While developing the IKAROS sail, the project team tried out various folding methods for themselves using paper. Having been exposed to origami in Japan since their childhood, the idea of doing it this way came naturally to them. Rather than beginning with an idea imagined in their minds, the team used origami as a way of thinking with their hands. Later, they repeatedly experimented with the deployment of the sail using a massive piece of paper that was closer to the size of an actual solar sail in order to determine the optimal folding method. Having shared their envisaged ideas in advance, when it came to folding up the actual IKAROS sail the team members were able to work together with care and precision. Mori says that without this accumulation of experience and expertise inspired by the culture of origami, IKAROS would not have been successful.

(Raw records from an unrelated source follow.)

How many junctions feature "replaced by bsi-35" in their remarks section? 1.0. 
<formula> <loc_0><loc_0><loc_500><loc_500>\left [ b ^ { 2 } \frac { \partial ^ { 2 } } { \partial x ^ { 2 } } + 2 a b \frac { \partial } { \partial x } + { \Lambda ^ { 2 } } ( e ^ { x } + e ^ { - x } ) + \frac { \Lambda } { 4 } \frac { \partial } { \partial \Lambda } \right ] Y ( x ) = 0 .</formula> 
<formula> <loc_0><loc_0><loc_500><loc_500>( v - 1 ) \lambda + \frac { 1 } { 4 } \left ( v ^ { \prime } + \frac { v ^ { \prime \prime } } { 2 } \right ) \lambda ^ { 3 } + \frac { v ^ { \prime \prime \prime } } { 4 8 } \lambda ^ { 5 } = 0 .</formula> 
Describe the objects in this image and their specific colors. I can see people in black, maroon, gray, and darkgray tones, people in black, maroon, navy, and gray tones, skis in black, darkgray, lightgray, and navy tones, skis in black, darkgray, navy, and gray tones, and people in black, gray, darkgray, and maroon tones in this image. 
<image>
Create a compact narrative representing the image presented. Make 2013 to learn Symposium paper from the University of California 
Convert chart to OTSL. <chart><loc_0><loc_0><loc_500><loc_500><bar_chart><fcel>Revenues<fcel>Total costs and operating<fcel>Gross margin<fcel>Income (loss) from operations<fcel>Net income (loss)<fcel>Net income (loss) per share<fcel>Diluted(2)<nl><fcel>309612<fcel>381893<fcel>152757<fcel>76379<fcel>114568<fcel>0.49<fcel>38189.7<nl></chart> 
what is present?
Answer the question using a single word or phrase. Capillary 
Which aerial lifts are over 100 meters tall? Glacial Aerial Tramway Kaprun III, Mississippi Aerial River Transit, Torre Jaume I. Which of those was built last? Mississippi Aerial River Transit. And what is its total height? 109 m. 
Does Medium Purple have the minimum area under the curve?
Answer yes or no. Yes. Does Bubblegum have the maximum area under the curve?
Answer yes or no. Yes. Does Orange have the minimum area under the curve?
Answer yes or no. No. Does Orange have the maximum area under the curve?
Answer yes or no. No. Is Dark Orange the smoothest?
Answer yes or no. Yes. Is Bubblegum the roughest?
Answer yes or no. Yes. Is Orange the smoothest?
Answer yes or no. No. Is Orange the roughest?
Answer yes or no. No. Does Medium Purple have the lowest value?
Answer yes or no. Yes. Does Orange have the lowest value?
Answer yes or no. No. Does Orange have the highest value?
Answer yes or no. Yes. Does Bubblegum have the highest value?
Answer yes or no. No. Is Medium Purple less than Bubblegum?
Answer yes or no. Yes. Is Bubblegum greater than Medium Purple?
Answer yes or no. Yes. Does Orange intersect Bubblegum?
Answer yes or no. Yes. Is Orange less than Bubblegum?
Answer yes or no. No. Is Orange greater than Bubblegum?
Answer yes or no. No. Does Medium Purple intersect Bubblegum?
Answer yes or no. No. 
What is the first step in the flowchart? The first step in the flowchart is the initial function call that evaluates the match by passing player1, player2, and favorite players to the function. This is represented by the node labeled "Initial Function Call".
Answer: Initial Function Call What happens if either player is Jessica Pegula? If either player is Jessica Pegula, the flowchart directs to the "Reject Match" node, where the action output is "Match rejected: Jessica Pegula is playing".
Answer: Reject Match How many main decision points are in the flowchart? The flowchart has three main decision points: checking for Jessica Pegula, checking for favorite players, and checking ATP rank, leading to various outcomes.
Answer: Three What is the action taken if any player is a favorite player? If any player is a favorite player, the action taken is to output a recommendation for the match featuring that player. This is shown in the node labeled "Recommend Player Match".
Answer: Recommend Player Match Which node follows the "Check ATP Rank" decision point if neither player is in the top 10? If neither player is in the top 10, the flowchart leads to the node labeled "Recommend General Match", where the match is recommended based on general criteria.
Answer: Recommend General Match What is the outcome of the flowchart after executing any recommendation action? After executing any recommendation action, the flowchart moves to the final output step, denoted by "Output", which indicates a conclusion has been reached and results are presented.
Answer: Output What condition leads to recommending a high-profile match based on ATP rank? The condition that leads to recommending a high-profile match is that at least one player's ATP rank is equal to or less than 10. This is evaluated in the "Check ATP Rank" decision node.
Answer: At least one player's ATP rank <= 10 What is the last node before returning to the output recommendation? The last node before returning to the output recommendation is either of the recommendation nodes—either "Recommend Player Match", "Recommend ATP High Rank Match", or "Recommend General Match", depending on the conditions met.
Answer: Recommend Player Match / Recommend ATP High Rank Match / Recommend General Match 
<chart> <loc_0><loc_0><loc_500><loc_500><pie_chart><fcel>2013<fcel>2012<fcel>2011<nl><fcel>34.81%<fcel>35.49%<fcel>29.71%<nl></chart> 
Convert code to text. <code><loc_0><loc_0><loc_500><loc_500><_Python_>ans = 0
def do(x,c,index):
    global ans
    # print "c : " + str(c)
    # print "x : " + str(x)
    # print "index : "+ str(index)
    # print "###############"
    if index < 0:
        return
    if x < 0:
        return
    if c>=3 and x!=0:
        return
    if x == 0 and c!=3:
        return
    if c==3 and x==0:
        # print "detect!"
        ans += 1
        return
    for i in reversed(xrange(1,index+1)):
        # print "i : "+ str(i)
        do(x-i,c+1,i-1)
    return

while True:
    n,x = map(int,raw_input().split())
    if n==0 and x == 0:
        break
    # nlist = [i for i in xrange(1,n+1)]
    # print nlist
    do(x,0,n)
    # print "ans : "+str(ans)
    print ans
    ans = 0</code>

“The technology we developed to fold the thin membrane of the sail compactly then unfurl it in space has the potential to dramatically change space development. In fact, I’ve heard that even NASA is directing its attention to the application of origami techniques,” says Mori proudly.

In the future, it is planned to apply the technology used successfully in IKAROS to thin-film solar panels for small satellites. Further, investigation is currently underway for the development of OKEANOS, a solar sail spacecraft even larger than IKAROS having a giant 40-meter square thin-membrane sail. The traditional Japanese technique of origami is expected to play a significant role in the future development of outer space.


Deployment of a solar sail
1 After separating from the launch rocket, four weights attached to the corners of the square sail are released simultaneously.
2 The struts holding down the wrapped sail slide little by little, and the sail is gradually pulled out by centrifugal force. When fully extended, the sail forms a cross shape.
3 When the struts are flattened down, the folded sail is released and expands quickly due to centrifugal force.
4 The sail retains its expanded square shape by maintaining the rotation after deployment.
Photos: Courtesy of JAXA

* A photon is a quantum (the smallest amount of many forms of energy) of electromagnetic radiation.